### Problem statement
Find the line containing "1. can of peaches [913,462,1018,573]". Retype it and every line after it through the end of the entries, exactly as written, with nothing added.

(Supplied records Opens)

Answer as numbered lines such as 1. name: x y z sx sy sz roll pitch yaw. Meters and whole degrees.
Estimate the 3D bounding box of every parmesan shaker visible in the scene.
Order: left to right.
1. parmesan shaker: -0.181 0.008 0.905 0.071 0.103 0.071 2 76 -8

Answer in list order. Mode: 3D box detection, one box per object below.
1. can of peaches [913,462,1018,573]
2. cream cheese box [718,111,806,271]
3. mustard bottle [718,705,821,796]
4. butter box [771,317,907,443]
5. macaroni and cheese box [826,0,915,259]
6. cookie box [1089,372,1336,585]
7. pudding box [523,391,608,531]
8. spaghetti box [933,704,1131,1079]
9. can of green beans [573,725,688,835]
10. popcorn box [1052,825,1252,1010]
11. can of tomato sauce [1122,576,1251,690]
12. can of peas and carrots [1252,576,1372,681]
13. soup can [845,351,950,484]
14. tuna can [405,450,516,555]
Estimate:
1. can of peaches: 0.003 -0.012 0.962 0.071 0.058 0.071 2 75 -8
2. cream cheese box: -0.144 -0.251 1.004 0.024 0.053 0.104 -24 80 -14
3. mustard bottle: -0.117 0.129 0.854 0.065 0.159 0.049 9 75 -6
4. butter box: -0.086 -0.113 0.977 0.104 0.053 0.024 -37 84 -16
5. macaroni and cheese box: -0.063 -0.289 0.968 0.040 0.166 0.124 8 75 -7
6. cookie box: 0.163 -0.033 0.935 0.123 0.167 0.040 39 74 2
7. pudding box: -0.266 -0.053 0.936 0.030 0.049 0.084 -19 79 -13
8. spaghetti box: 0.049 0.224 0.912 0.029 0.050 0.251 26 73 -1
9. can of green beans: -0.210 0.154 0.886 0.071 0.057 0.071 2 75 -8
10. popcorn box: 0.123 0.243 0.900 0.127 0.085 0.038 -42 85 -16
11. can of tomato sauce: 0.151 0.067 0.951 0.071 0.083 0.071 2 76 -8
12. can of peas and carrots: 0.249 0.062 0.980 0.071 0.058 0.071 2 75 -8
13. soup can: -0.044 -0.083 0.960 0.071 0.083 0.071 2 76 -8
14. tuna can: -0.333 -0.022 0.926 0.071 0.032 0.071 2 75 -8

(Supplied records Closes)

### The answer
1. can of peaches [913,462,1018,573]
2. cream cheese box [718,111,806,271]
3. mustard bottle [718,705,821,796]
4. butter box [771,317,907,443]
5. macaroni and cheese box [826,0,915,259]
6. cookie box [1089,372,1336,585]
7. pudding box [523,391,608,531]
8. spaghetti box [933,704,1131,1079]
9. can of green beans [573,725,688,835]
10. popcorn box [1052,825,1252,1010]
11. can of tomato sauce [1122,576,1251,690]
12. can of peas and carrots [1252,576,1372,681]
13. soup can [845,351,950,484]
14. tuna can [405,450,516,555]
Estimate:
1. can of peaches: 0.003 -0.012 0.962 0.071 0.058 0.071 2 75 -8
2. cream cheese box: -0.144 -0.251 1.004 0.024 0.053 0.104 -24 80 -14
3. mustard bottle: -0.117 0.129 0.854 0.065 0.159 0.049 9 75 -6
4. butter box: -0.086 -0.113 0.977 0.104 0.053 0.024 -37 84 -16
5. macaroni and cheese box: -0.063 -0.289 0.968 0.040 0.166 0.124 8 75 -7
6. cookie box: 0.163 -0.033 0.935 0.123 0.167 0.040 39 74 2
7. pudding box: -0.266 -0.053 0.936 0.030 0.049 0.084 -19 79 -13
8. spaghetti box: 0.049 0.224 0.912 0.029 0.050 0.251 26 73 -1
9. can of green beans: -0.210 0.154 0.886 0.071 0.057 0.071 2 75 -8
10. popcorn box: 0.123 0.243 0.900 0.127 0.085 0.038 -42 85 -16
11. can of tomato sauce: 0.151 0.067 0.951 0.071 0.083 0.071 2 76 -8
12. can of peas and carrots: 0.249 0.062 0.980 0.071 0.058 0.071 2 75 -8
13. soup can: -0.044 -0.083 0.960 0.071 0.083 0.071 2 76 -8
14. tuna can: -0.333 -0.022 0.926 0.071 0.032 0.071 2 75 -8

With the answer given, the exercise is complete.